• _WHAT IS REQUIRED_:
The lines from the top of the records below through the one containing "supplement tub at [221, 263, 336, 391]" are to be transcribed exactly, and nothing else is to be added.

• _DATA IN THIS EXERCISE_:
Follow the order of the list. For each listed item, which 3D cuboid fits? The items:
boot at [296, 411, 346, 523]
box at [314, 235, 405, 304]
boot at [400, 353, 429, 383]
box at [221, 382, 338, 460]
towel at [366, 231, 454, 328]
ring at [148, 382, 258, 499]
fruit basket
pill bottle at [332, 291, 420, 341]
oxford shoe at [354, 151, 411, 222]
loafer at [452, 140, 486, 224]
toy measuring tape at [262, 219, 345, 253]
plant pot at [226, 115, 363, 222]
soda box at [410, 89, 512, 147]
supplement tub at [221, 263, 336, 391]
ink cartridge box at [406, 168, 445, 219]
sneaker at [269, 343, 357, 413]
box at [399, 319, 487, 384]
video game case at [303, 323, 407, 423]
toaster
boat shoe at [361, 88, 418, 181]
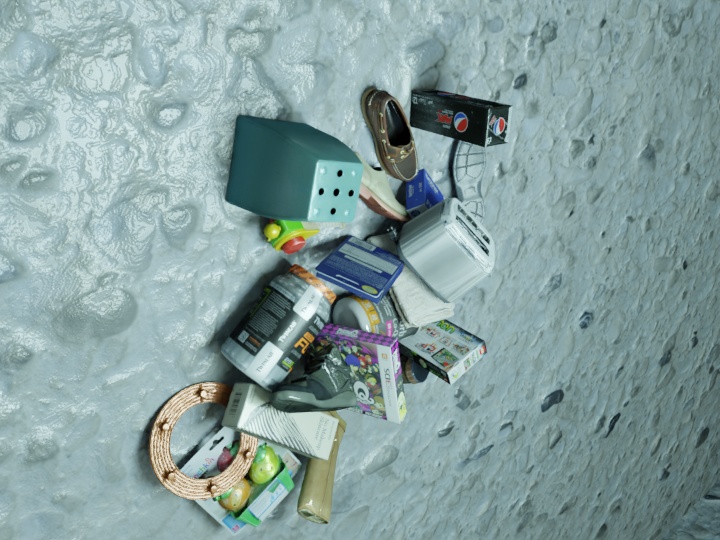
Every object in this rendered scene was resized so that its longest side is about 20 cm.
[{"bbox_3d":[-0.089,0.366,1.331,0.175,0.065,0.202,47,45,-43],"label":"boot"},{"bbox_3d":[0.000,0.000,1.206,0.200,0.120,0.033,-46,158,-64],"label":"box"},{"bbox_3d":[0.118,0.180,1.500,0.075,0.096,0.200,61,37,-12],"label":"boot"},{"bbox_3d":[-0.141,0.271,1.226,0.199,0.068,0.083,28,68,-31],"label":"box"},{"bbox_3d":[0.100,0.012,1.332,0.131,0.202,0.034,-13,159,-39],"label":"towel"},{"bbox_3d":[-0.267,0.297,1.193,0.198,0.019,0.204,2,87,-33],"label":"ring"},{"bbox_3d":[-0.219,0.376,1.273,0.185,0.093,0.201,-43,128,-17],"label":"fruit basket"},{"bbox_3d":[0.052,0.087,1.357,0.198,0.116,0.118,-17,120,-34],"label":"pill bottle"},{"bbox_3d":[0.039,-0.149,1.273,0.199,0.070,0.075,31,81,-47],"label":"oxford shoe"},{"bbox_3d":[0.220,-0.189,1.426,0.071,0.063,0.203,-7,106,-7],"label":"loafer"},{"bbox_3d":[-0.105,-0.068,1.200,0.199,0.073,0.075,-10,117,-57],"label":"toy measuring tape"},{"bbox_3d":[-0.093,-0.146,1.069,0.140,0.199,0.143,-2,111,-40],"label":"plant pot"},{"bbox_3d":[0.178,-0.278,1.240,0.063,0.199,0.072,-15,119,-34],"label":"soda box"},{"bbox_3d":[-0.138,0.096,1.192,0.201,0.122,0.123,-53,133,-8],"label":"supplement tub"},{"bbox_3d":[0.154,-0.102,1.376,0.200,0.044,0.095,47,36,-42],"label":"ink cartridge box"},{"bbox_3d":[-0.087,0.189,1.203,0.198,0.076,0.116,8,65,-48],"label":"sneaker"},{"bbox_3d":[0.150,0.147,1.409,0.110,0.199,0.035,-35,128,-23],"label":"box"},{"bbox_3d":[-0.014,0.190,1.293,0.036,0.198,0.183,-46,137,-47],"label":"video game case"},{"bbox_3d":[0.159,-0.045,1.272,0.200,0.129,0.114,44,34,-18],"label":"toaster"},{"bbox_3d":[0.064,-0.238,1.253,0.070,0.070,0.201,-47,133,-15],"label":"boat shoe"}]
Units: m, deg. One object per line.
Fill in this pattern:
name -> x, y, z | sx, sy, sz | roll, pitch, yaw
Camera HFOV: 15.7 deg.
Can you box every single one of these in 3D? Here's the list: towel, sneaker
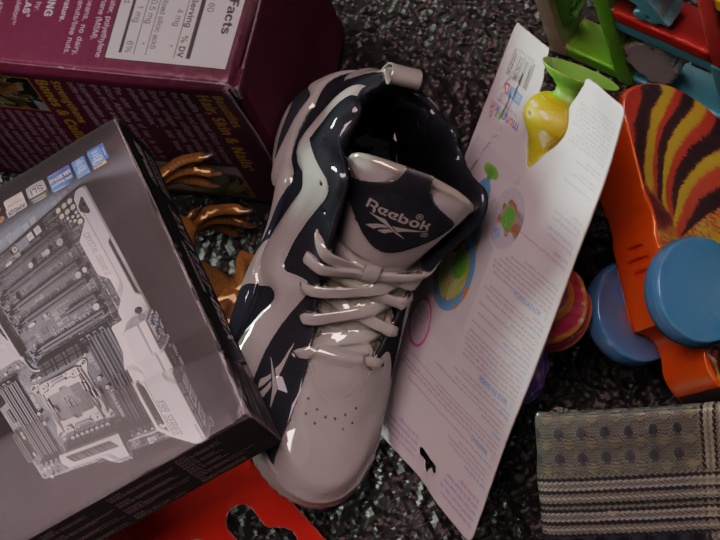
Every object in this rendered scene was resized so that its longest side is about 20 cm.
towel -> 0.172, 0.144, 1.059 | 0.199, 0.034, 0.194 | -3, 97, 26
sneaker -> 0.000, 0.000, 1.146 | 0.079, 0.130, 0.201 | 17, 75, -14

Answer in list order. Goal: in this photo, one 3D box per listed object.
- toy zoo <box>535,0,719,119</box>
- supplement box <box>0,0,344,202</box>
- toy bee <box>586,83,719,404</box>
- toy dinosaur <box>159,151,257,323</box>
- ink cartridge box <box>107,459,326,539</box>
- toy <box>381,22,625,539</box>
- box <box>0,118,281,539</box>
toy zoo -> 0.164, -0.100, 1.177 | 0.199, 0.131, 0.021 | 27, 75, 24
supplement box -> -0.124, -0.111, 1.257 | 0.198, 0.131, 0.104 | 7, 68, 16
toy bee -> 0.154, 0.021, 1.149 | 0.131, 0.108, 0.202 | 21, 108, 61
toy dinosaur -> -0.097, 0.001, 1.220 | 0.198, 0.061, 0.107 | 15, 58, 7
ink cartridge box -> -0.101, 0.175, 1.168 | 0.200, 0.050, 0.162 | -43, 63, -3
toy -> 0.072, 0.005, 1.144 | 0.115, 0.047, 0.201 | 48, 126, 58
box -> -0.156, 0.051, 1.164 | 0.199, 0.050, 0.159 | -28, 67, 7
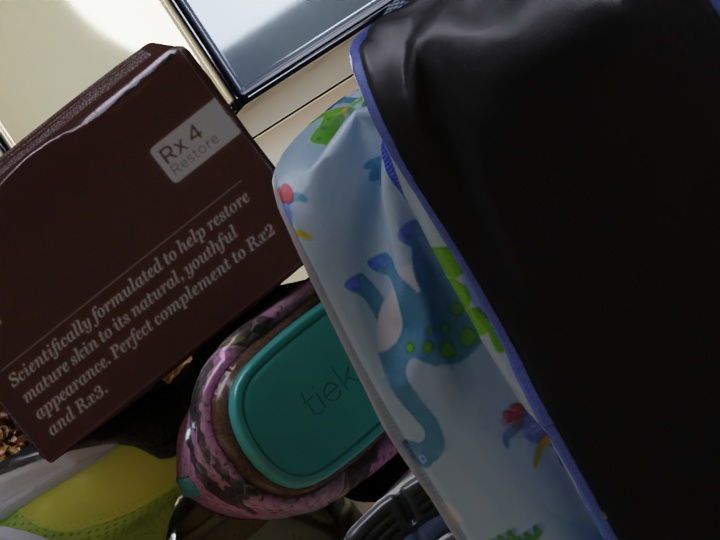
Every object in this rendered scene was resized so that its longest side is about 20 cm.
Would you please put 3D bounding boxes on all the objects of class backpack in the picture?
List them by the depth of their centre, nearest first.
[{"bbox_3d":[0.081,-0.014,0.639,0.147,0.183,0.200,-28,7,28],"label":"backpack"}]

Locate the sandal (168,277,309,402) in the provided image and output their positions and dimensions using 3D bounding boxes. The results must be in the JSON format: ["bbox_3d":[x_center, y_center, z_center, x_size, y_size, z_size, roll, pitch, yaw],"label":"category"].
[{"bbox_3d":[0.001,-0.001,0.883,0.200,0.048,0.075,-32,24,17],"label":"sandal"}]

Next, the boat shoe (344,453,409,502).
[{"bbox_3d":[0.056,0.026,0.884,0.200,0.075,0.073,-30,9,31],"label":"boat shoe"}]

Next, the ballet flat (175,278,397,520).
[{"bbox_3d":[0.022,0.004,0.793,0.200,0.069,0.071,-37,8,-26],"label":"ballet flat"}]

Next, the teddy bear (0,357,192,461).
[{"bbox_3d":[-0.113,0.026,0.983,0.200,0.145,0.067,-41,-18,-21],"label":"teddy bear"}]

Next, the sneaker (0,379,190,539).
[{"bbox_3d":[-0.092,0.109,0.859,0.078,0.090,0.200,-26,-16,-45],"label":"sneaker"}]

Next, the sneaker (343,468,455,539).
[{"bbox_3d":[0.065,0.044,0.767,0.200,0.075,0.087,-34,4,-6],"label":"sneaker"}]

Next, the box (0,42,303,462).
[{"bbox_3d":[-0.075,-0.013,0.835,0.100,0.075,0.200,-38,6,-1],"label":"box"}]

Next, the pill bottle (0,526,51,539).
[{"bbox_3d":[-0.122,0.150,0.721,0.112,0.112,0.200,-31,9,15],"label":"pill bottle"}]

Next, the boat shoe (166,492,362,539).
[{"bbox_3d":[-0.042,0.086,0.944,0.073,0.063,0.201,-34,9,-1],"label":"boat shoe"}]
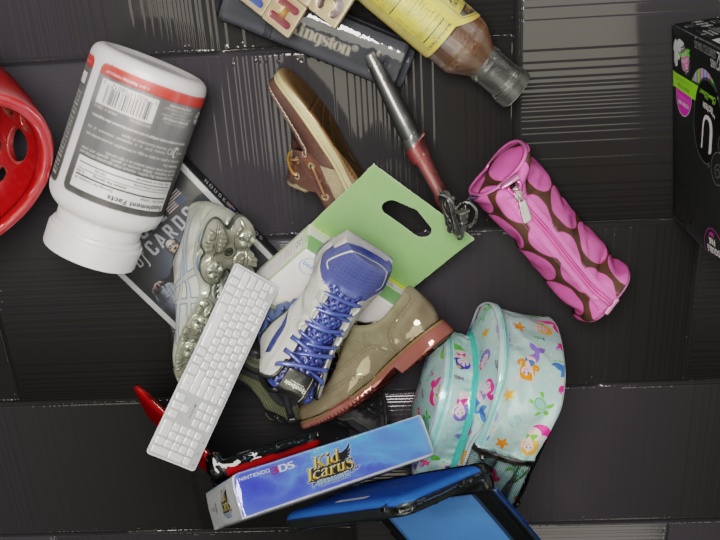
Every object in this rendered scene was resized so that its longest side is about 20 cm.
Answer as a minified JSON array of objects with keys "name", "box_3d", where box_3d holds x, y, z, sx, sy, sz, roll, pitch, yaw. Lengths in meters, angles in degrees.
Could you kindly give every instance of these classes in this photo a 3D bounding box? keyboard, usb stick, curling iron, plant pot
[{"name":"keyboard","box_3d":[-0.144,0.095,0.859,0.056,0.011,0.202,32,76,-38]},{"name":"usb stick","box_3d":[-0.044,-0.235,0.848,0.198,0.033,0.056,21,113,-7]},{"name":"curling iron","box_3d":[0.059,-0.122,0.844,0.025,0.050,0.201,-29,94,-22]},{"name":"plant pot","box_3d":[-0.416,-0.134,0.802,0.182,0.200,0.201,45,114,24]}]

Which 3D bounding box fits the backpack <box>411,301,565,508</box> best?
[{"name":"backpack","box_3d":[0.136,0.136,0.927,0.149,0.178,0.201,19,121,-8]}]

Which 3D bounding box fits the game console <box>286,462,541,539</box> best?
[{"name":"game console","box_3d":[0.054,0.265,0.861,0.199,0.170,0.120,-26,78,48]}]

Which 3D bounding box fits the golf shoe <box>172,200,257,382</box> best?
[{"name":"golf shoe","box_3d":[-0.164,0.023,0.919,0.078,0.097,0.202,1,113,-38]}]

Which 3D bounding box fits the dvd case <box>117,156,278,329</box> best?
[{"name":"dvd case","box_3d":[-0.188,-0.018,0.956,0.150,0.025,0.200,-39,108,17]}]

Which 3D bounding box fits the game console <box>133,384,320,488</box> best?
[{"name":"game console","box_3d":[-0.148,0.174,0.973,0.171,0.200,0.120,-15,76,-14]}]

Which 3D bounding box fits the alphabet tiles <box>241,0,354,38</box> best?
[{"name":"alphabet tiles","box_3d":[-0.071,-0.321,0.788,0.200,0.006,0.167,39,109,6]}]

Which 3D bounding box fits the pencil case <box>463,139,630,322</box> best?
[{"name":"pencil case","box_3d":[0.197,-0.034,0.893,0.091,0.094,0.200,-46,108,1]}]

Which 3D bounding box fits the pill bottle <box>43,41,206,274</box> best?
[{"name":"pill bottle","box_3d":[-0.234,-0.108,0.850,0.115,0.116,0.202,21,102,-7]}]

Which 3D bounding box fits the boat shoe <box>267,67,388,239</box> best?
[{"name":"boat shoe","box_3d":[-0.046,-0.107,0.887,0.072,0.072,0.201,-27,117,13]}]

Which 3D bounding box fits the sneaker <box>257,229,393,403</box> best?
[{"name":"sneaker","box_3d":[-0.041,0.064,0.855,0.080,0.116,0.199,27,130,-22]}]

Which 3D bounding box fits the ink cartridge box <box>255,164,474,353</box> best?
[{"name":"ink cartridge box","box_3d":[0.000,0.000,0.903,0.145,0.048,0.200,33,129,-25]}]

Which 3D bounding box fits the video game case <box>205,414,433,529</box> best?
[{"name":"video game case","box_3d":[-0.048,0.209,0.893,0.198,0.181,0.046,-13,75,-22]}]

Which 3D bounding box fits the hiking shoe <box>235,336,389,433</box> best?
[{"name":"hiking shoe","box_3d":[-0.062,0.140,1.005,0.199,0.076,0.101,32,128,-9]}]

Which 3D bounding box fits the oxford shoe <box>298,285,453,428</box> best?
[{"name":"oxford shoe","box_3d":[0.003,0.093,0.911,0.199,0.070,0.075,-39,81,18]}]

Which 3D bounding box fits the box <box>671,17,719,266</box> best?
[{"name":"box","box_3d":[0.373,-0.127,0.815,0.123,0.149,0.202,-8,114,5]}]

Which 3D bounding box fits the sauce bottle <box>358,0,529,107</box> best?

• _FINISHED EXERCISE_:
Follow the order of the list. For each listed item, which 3D cuboid fits? The items:
boot at [296, 411, 346, 523]
box at [314, 235, 405, 304]
boot at [400, 353, 429, 383]
box at [221, 382, 338, 460]
towel at [366, 231, 454, 328]
ring at [148, 382, 258, 499]
fruit basket
pill bottle at [332, 291, 420, 341]
oxford shoe at [354, 151, 411, 222]
loafer at [452, 140, 486, 224]
toy measuring tape at [262, 219, 345, 253]
plant pot at [226, 115, 363, 222]
soda box at [410, 89, 512, 147]
supplement tub at [221, 263, 336, 391]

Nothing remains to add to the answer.